With the pictures removed, reproduce exactly the lines from the one that contains "14. power drill (812,685,998,909)" through the last line of the entries below.

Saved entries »
=== Section Start ===

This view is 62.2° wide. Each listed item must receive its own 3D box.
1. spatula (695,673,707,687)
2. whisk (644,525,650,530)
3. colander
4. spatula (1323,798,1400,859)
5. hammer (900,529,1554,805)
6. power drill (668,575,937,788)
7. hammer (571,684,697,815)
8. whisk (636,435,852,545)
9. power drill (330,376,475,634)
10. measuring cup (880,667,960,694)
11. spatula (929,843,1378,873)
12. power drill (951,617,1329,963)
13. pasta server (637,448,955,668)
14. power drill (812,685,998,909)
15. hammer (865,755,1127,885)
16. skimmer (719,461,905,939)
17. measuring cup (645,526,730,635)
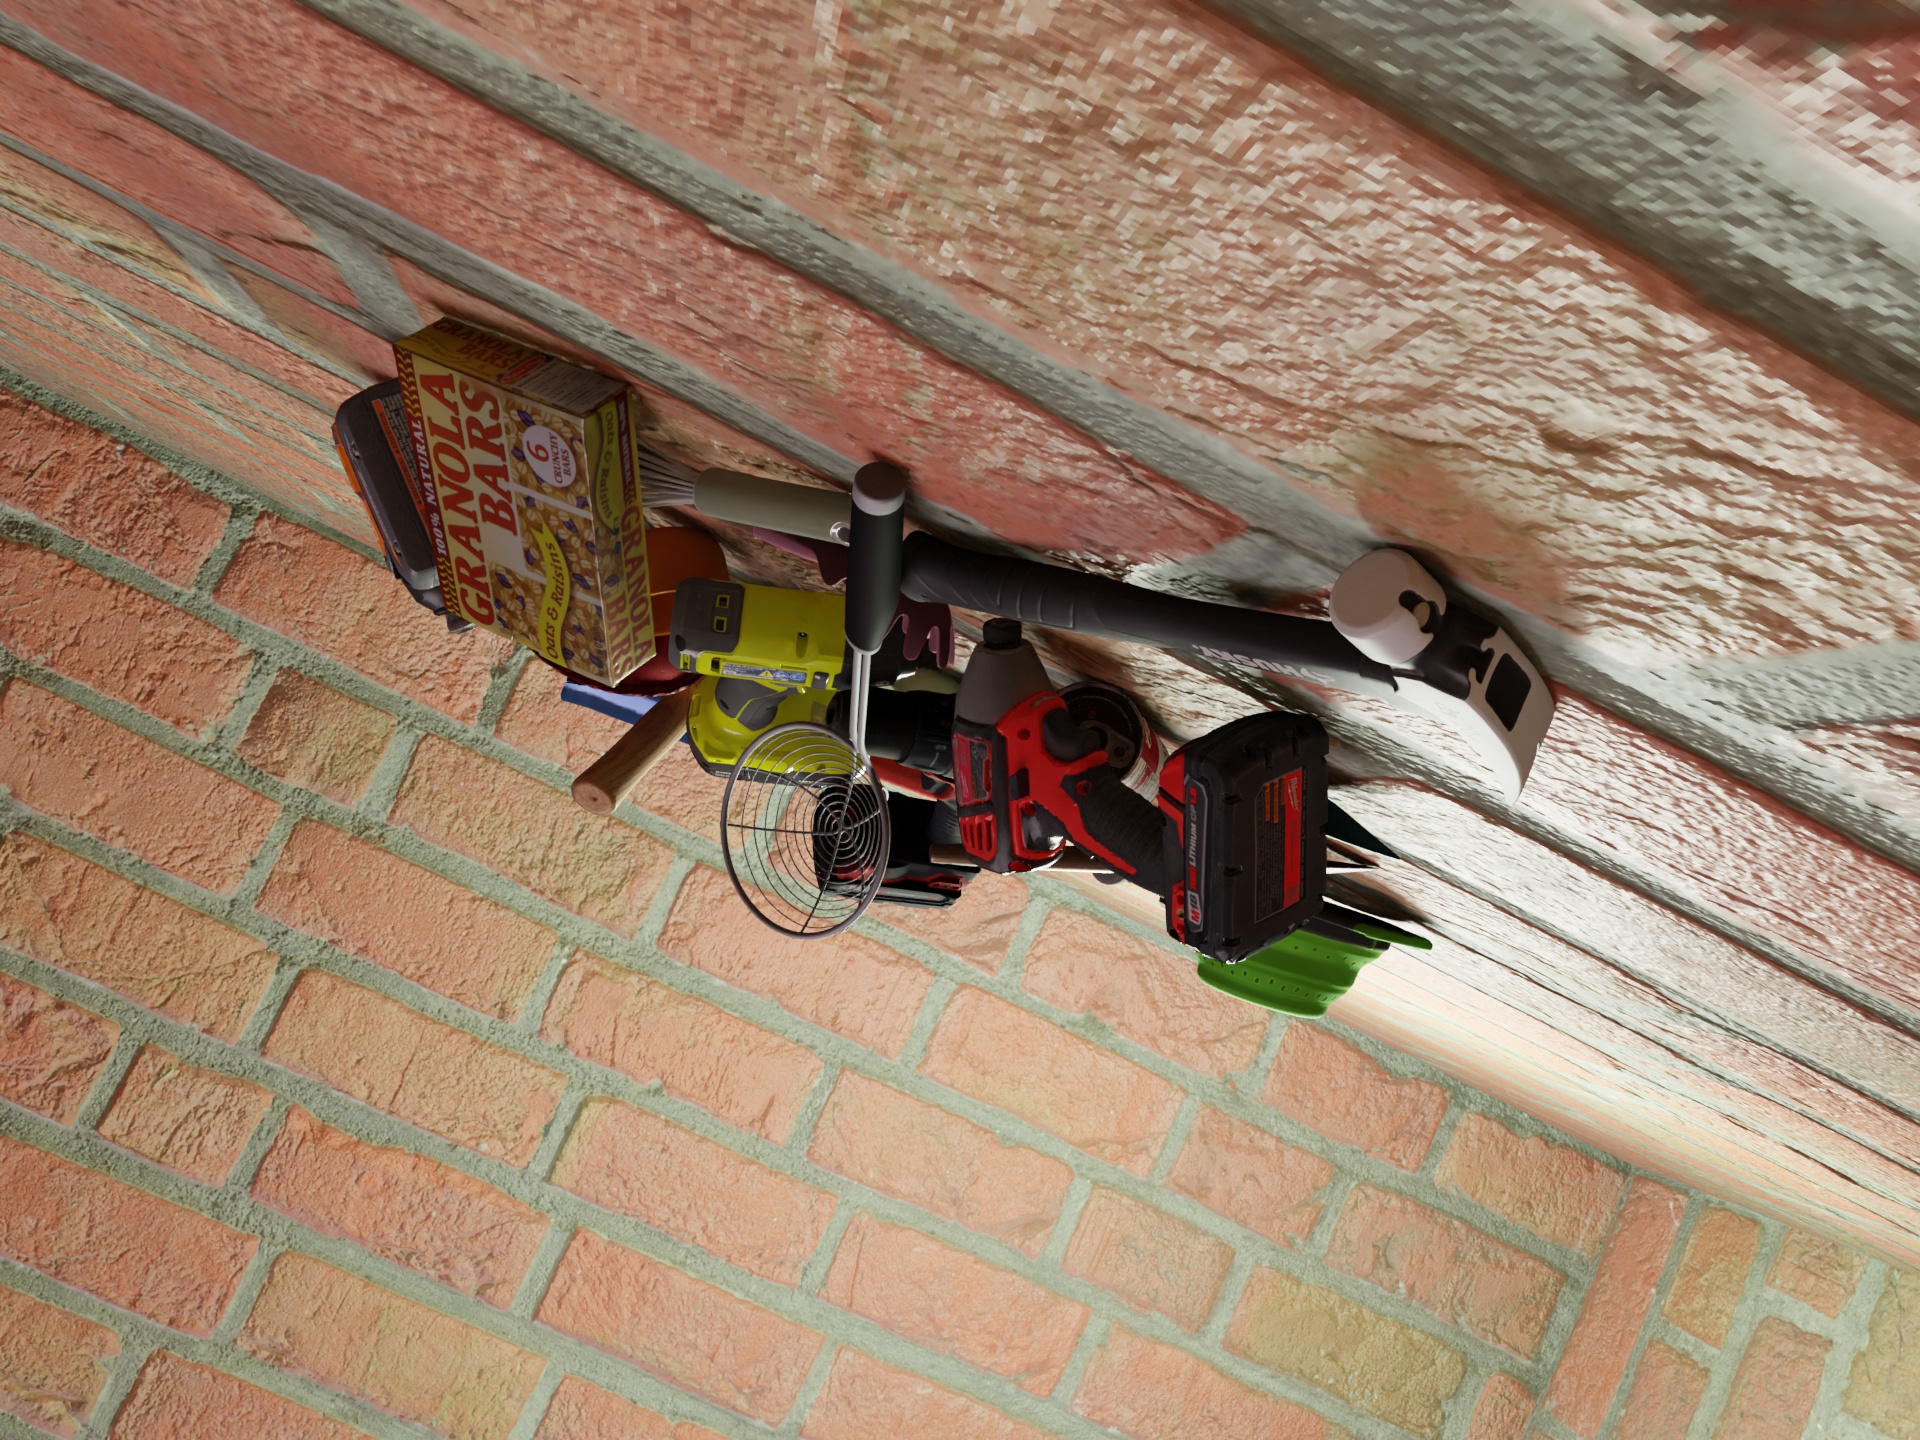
[{"bbox_3d":[-0.233,-0.062,1.267,0.323,0.041,0.081,52,-164,30],"label":"spatula"},{"bbox_3d":[-0.234,-0.136,1.070,0.051,0.047,0.245,36,180,12],"label":"whisk"},{"bbox_3d":[0.210,0.173,1.390,0.204,0.094,0.397,17,180,-42],"label":"colander"},{"bbox_3d":[0.152,0.056,1.003,0.082,0.044,0.317,19,169,-20],"label":"spatula"},{"bbox_3d":[0.083,-0.040,0.653,0.146,0.035,0.335,32,171,-39],"label":"hammer"},{"bbox_3d":[-0.110,-0.024,1.086,0.171,0.080,0.223,7,160,-8],"label":"power drill"},{"bbox_3d":[-0.218,-0.010,1.259,0.130,0.031,0.331,27,-153,1],"label":"hammer"},{"bbox_3d":[-0.133,-0.118,0.809,0.246,0.059,0.057,15,151,33],"label":"whisk"},{"bbox_3d":[-0.339,-0.133,1.016,0.226,0.084,0.164,8,120,67],"label":"power drill"},{"bbox_3d":[-0.045,-0.038,1.163,0.083,0.038,0.167,14,152,41],"label":"measuring cup"},{"bbox_3d":[0.134,0.098,1.103,0.316,0.018,0.060,3,176,-10],"label":"spatula"},{"bbox_3d":[0.079,0.030,0.827,0.078,0.143,0.220,-19,-155,-37],"label":"power drill"},{"bbox_3d":[-0.139,-0.114,0.886,0.316,0.040,0.060,26,-168,10],"label":"pasta server"},{"bbox_3d":[-0.031,0.047,1.086,0.187,0.080,0.226,10,149,-24],"label":"power drill"},{"bbox_3d":[0.007,0.059,1.298,0.359,0.036,0.149,18,-171,27],"label":"hammer"},{"bbox_3d":[-0.077,0.000,0.818,0.127,0.090,0.363,55,159,21],"label":"skimmer"},{"bbox_3d":[-0.184,-0.090,1.104,0.095,0.052,0.173,-17,168,18],"label":"measuring cup"}]

=== Section End ===

The completed task »
14. power drill (812,685,998,909)
15. hammer (865,755,1127,885)
16. skimmer (719,461,905,939)
17. measuring cup (645,526,730,635)
[{"bbox_3d":[-0.233,-0.062,1.267,0.323,0.041,0.081,52,-164,30],"label":"spatula"},{"bbox_3d":[-0.234,-0.136,1.070,0.051,0.047,0.245,36,180,12],"label":"whisk"},{"bbox_3d":[0.210,0.173,1.390,0.204,0.094,0.397,17,180,-42],"label":"colander"},{"bbox_3d":[0.152,0.056,1.003,0.082,0.044,0.317,19,169,-20],"label":"spatula"},{"bbox_3d":[0.083,-0.040,0.653,0.146,0.035,0.335,32,171,-39],"label":"hammer"},{"bbox_3d":[-0.110,-0.024,1.086,0.171,0.080,0.223,7,160,-8],"label":"power drill"},{"bbox_3d":[-0.218,-0.010,1.259,0.130,0.031,0.331,27,-153,1],"label":"hammer"},{"bbox_3d":[-0.133,-0.118,0.809,0.246,0.059,0.057,15,151,33],"label":"whisk"},{"bbox_3d":[-0.339,-0.133,1.016,0.226,0.084,0.164,8,120,67],"label":"power drill"},{"bbox_3d":[-0.045,-0.038,1.163,0.083,0.038,0.167,14,152,41],"label":"measuring cup"},{"bbox_3d":[0.134,0.098,1.103,0.316,0.018,0.060,3,176,-10],"label":"spatula"},{"bbox_3d":[0.079,0.030,0.827,0.078,0.143,0.220,-19,-155,-37],"label":"power drill"},{"bbox_3d":[-0.139,-0.114,0.886,0.316,0.040,0.060,26,-168,10],"label":"pasta server"},{"bbox_3d":[-0.031,0.047,1.086,0.187,0.080,0.226,10,149,-24],"label":"power drill"},{"bbox_3d":[0.007,0.059,1.298,0.359,0.036,0.149,18,-171,27],"label":"hammer"},{"bbox_3d":[-0.077,0.000,0.818,0.127,0.090,0.363,55,159,21],"label":"skimmer"},{"bbox_3d":[-0.184,-0.090,1.104,0.095,0.052,0.173,-17,168,18],"label":"measuring cup"}]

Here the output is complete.